Available data:

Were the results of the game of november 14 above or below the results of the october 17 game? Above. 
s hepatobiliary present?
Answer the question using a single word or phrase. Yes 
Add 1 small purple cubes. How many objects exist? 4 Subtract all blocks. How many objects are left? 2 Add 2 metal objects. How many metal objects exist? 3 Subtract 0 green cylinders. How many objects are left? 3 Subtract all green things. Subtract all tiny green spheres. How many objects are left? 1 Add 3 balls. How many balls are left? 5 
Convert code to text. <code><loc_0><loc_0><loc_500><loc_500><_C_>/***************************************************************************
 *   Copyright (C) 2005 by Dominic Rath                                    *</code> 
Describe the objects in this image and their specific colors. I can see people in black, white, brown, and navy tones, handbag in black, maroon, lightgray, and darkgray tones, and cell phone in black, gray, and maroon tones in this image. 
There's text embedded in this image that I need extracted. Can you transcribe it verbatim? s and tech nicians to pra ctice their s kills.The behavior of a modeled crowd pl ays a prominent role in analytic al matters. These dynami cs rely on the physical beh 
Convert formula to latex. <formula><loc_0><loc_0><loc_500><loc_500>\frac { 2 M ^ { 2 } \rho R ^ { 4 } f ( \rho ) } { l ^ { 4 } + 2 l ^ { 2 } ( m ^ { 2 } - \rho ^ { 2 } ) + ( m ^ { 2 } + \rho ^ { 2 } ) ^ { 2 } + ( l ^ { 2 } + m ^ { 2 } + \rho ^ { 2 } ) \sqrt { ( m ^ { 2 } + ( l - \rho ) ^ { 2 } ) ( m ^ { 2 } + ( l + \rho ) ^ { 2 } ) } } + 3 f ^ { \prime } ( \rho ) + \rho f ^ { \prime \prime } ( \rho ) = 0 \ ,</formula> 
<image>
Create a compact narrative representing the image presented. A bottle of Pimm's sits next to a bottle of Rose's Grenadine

Exercise brief: Take the lines from the one containing "Add 1 small" to the last line of the material above and write them out exactly.

Result below:
Add 1 small purple cubes. How many objects exist? 4 Subtract all blocks. How many objects are left? 2 Add 2 metal objects. How many metal objects exist? 3 Subtract 0 green cylinders. How many objects are left? 3 Subtract all green things. Subtract all tiny green spheres. How many objects are left? 1 Add 3 balls. How many balls are left? 5 
Convert code to text. <code><loc_0><loc_0><loc_500><loc_500><_C_>/***************************************************************************
 *   Copyright (C) 2005 by Dominic Rath                                    *</code> 
Describe the objects in this image and their specific colors. I can see people in black, white, brown, and navy tones, handbag in black, maroon, lightgray, and darkgray tones, and cell phone in black, gray, and maroon tones in this image. 
There's text embedded in this image that I need extracted. Can you transcribe it verbatim? s and tech nicians to pra ctice their s kills.The behavior of a modeled crowd pl ays a prominent role in analytic al matters. These dynami cs rely on the physical beh 
Convert formula to latex. <formula><loc_0><loc_0><loc_500><loc_500>\frac { 2 M ^ { 2 } \rho R ^ { 4 } f ( \rho ) } { l ^ { 4 } + 2 l ^ { 2 } ( m ^ { 2 } - \rho ^ { 2 } ) + ( m ^ { 2 } + \rho ^ { 2 } ) ^ { 2 } + ( l ^ { 2 } + m ^ { 2 } + \rho ^ { 2 } ) \sqrt { ( m ^ { 2 } + ( l - \rho ) ^ { 2 } ) ( m ^ { 2 } + ( l + \rho ) ^ { 2 } ) } } + 3 f ^ { \prime } ( \rho ) + \rho f ^ { \prime \prime } ( \rho ) = 0 \ ,</formula> 
<image>
Create a compact narrative representing the image presented. A bottle of Pimm's sits next to a bottle of Rose's Grenadine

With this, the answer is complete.